Car Crashes: A Source of PTSD in Children

You have probably heard about post traumatic stress disorder affecting veterans who have served in war, but did you realize that children can also suffer from PTSD? After a serious car crash, it’s quite common for the vehicle’s occupants to be shaken. However, adults are better equipped to deal with the aftermath of a collision than children. To a child’s perspective, screeching tires, followed by a loud crash can be scary. Afterwards, their torment can grow as emergency responders come rushing in to assist the victims, using loud sirens, flashing lights, with images of broken glass, and the unfamiliar smell of deployed airbags.

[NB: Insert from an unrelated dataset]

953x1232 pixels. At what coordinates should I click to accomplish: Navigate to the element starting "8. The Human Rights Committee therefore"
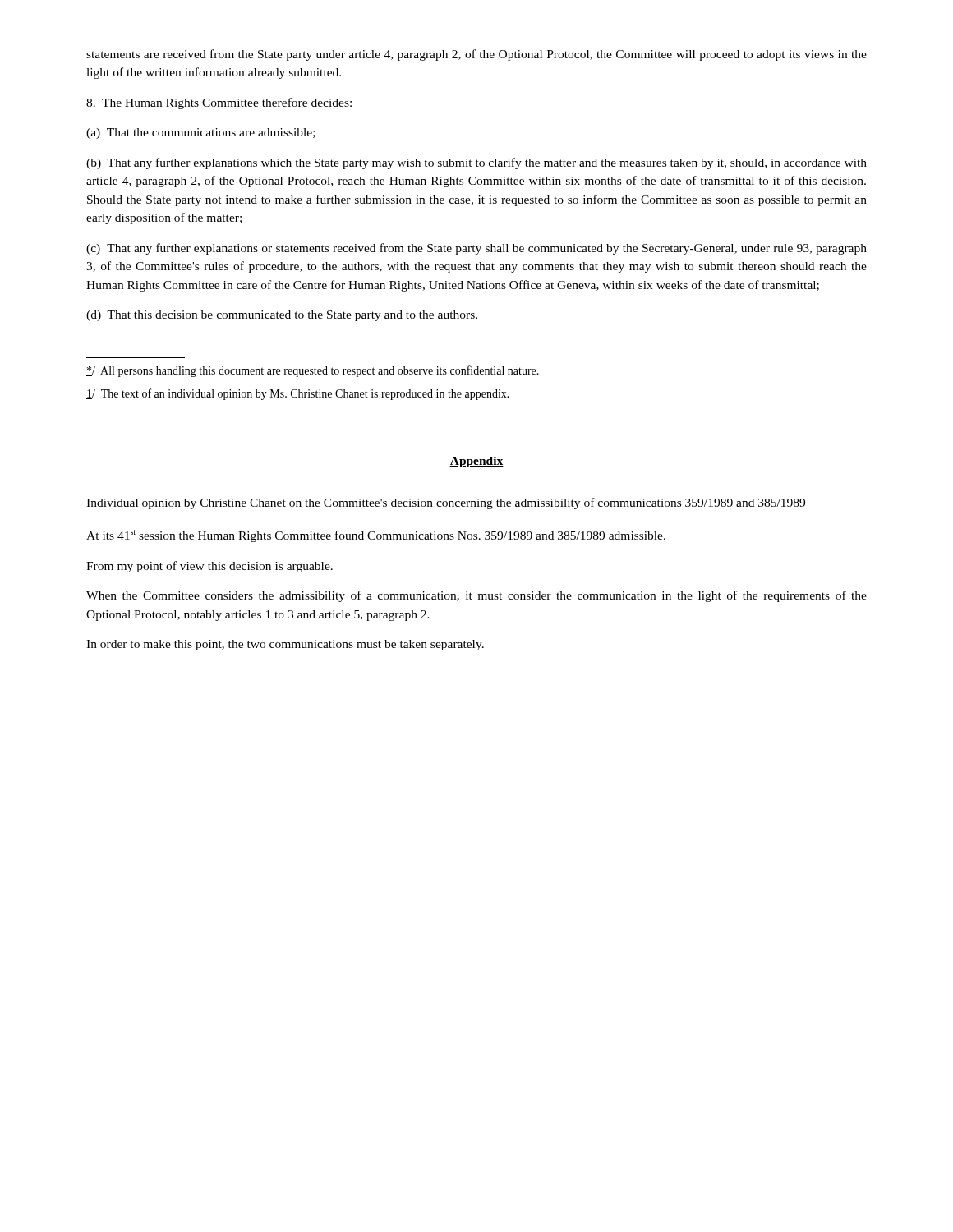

It is a lot for children to take in, and sometimes the experience can be overwhelming, especially if they themselves or a loved one are hurt in the car accident. As a consequence, they can develop PTSD.

Symptoms of PTSD in Children

You should be familiar with the symptoms of PTSD in children so you can recognize early warning signs before they become unmanageable problems. PTSD is a mental response to a traumatic event, where their brains overreact to perceived threats that remind them of the accident. Depending on your child’s age and maturity, the symptoms of PTSD can vary greatly. However, young children tend to be affected the most.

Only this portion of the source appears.